The lower and upper critical values of active substance should be 11.02 and 12.98 mg.

Random sample

Exercise 5 (Exercise in distribution of sample mean) The total cholesterol in population (mg/dL) is normally distributed with \(\mu = 202\) and \(\sigma = 40\).
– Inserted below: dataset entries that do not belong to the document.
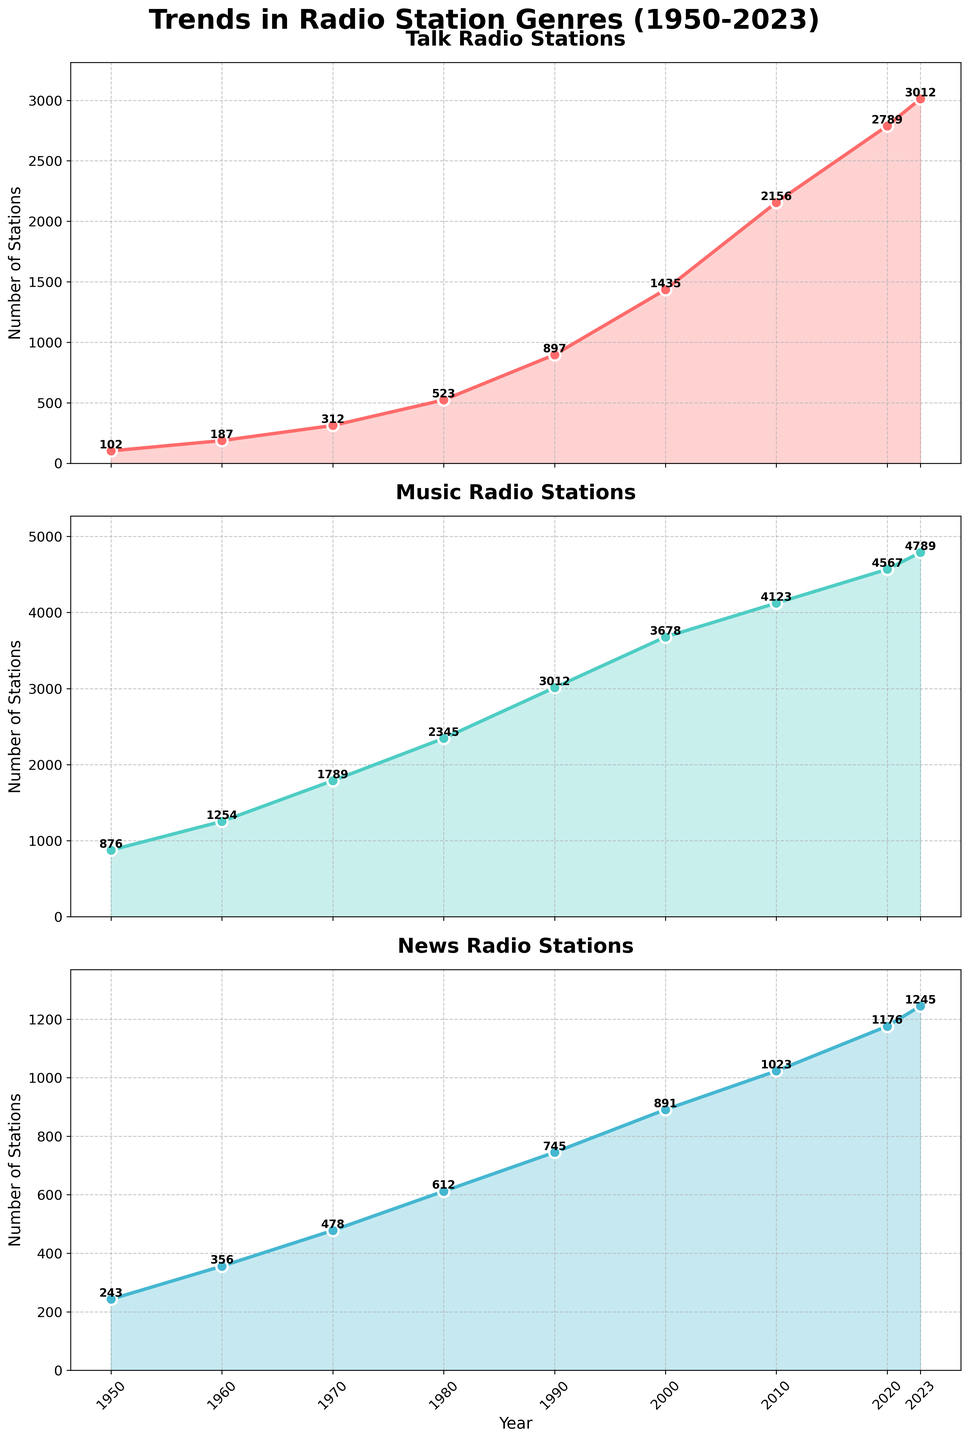what are the genres of radio stations shown in the figure? The genres are listed in the legend or title of the subplots. According to the data, the genres include "Talk Radio," "Music Radio," and "News Radio."
Answer: Talk Radio, Music Radio, News Radio how many years are presented in the figure? The x-axis shows the range of years covered in the figure. The plot includes data from 1950 to 2023, spanning 9 different years.
Answer: 9 which genre had the highest number of radio stations in 1980? By examining the y-axis values for each subplot, we can determine that "Music Radio" had around 2345 stations in 1980, which is higher than both "Talk Radio" and "News Radio."
Answer: Music Radio in which year did talk radio surpass 2000 stations? The y-axis values for "Talk Radio" subplots show the number of stations by year. "Talk Radio" reached 2156 stations in 2010, surpassing the 2000 station mark.
Answer: 2010 what is the difference in the number of music radio stations between 1960 and 2023? First, identify the number of Music Radio stations in both years: 1254 in 1960 and 4789 in 2023. Calculate the difference: 4789 - 1254 = 3535.
Answer: 3535 which genre had the steepest increase between 1950 and 2000, and what was the increase? By looking at the growth in each subplot, "Talk Radio" increased from 102 in 1950 to 1435 in 2000, an increase of 1333. "Music Radio" increased from 876 to 3678, an increase of 2802. "News Radio" increased from 243 to 891, a difference of 648. The steepest increase was in "Music Radio," with an increase of 2802 stations.
Answer: Music Radio, 2802 did any genre of radio stations initially have fewer than 500 stations but exceed 2000 stations by 2023? Starting with fewer than 500 stations in 1950, "Talk Radio" had only 102. By 2023, it had increased to 3012, which exceeds 2000 stations.
Answer: Talk Radio what is the general trend observed for news radio stations from 1950 to 2023? The "News Radio" subplot shows a steady increase over the years. Starting at 243 stations in 1950, it grew to 1245 stations by 2023.
Answer: Steady increase

How is the sample mean of a sample of 4 persons distributed?
What is the probability to see a sample mean of 260 mg/dL or higher?
Is there reason to believe that the four persons with mean 260 mg/dL were sampled from another population with higher population mean?

Solution

\[\bar X = \frac{1}{4}\sum_{i=1}^4 X_i \\ X_i \sim N(\mu, \sigma) \\ \bar X \sim N\left(\mu, \frac{\sigma}{\sqrt{n}}\right) = N(202, 20) \]
0.0019
Yes

Exercise 6 (Amount of active substance) The amount of active substance in a pill is stated by the manufacturer to be normally distributed with mean 12 mg and standard deviation 0.5 mg. You take a sample of five pills and measure the amount of active substance to; 13.0, 12.3, 12.6, 12.5, 12.7 mg.
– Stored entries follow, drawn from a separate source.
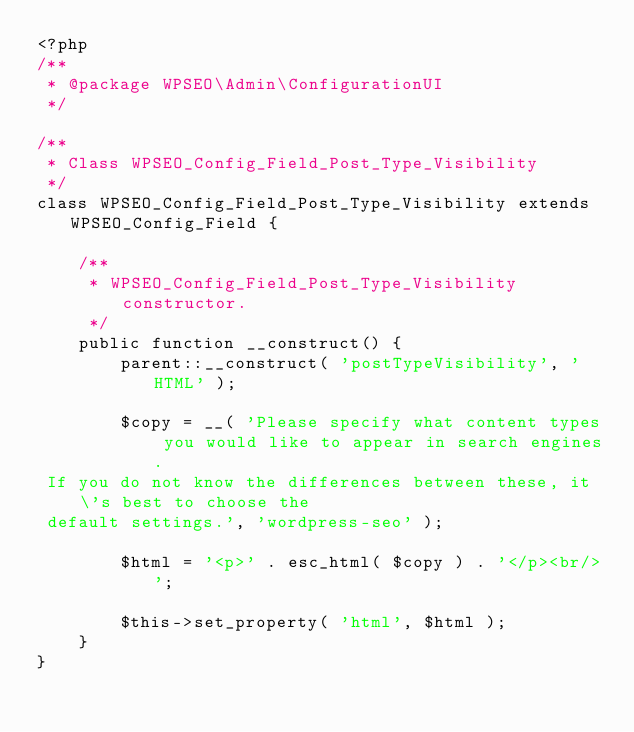Convert code to text. <code><loc_0><loc_0><loc_500><loc_500><_PHP_><?php
/**
 * @package WPSEO\Admin\ConfigurationUI
 */

/**
 * Class WPSEO_Config_Field_Post_Type_Visibility
 */
class WPSEO_Config_Field_Post_Type_Visibility extends WPSEO_Config_Field {

	/**
	 * WPSEO_Config_Field_Post_Type_Visibility constructor.
	 */
	public function __construct() {
		parent::__construct( 'postTypeVisibility', 'HTML' );

		$copy = __( 'Please specify what content types you would like to appear in search engines.
 If you do not know the differences between these, it\'s best to choose the
 default settings.', 'wordpress-seo' );

		$html = '<p>' . esc_html( $copy ) . '</p><br/>';

		$this->set_property( 'html', $html );
	}
}
</code>

[Note: a-c were already computed in the descriptive statistics session.]

Compute the sample mean
Compute the sample variance
Compute the sample standard deviation
compute the standard error of mean, \(SEM\).
If the manufacturers claim is correct, what is the probability to see a sample mean as high as in a) or higher?

Answer

12.62
0.067
0.26
0.22
0.0028
Sample mean

Solution

x <- c(13.0, 12.3, 12.6, 12.5, 12.7)
n <- length(x)
(m <- sum(x)/n)

[1] 12.62

Sample variance

[1] 0.067

Sample standard deviation

[1] 0.2588436

Standard error of mean, SEM

[1] 0.2236068

Note, here the known standard deviation, \(\sigma=0.5\) is used.